This is the official PyTorch implementation for SupeRGB-D: Zero-shot Instance Segmentation in Cluttered Indoor Environments, IEEE RAL paper.
In this work, we explore zero-shot instance segmentation (ZSIS) from RGB-D data to identify unseen objects in a semantic category-agnostic manner. We introduce a zero-shot split for Tabletop Objects Dataset (TOD-Z) to enable this study and present a method that uses annotated objects to learn the ``objectness'' of pixels and generalize to unseen object categories in cluttered indoor environments.

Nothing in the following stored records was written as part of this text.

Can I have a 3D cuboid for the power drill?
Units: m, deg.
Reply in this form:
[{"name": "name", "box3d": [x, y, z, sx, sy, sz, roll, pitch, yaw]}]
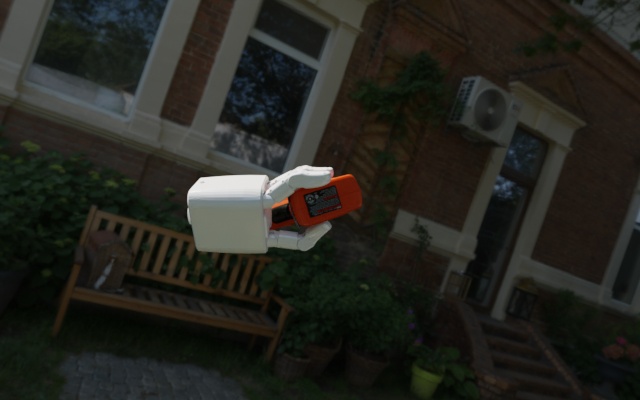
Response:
[{"name": "power drill", "box3d": [0.000, 0.003, 0.772, 0.184, 0.057, 0.187, -20, 0, -16]}]

Our method, SupeRGB-D, groups pixels into small patches based on geometric cues and learns to merge the patches in a deep agglomerative clustering fashion. An overview of our method is illustrated here:
- Python environment using env.yml.
git clone https://github.com/evinpinar/supergb-d.git
cd supergb-d
conda env create --file env.yml
conda activate supergbd
- Install the TOD dataset from original repo and the TOD-Z ids from here. Preprocess the data to extract superpixels, training features and generate the ground truth. Fix the datapaths according to your local configuration.

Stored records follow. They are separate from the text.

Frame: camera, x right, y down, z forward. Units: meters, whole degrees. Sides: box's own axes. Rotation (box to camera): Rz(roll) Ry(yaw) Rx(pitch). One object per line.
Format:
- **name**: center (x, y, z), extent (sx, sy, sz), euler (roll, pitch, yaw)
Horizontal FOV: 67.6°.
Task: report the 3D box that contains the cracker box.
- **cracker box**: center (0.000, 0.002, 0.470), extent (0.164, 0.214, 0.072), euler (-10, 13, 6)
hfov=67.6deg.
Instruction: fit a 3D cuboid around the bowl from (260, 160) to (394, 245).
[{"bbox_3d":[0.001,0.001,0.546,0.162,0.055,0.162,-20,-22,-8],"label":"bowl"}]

python data/preprocess_data_full.py # set up the number of threads according to your cpu
# optionally, you can also only run data/process.py for single thread.
- Train the merger network.
python src/model_train.py --cfg configs/run_local.yaml
- Test the trained model.
python src/model_eval.py --cfg configs/run_local.yaml
An example checkpoint is provided here which is based on 128 super-pixels and trained without DINO features.

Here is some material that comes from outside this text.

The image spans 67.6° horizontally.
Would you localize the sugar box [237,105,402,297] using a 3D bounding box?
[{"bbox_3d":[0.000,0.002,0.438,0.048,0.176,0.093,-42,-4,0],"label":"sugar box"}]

If you find this code helpful, please consider citing:
@ARTICLE{ornek23,
author={{\"O}rnek, Evin P{\i}nar and Krishnan, Aravindhan K and Gayaka, Shreekant and Kuo, Cheng-Hao and Sen, Arnie and Navab, Nassir and Tombari, Federico},
journal={IEEE Robotics and Automation Letters},
title={SupeRGB-D: Zero-Shot Instance Segmentation in Cluttered Indoor Environments},
year={2023},
volume={8},
number={6},
pages={3709-3716},
doi={10.1109/LRA.2023.3271527}}
This repository contains code parts that are based on UOIS-Net and Davis-2017. We thank the authors for making their code available.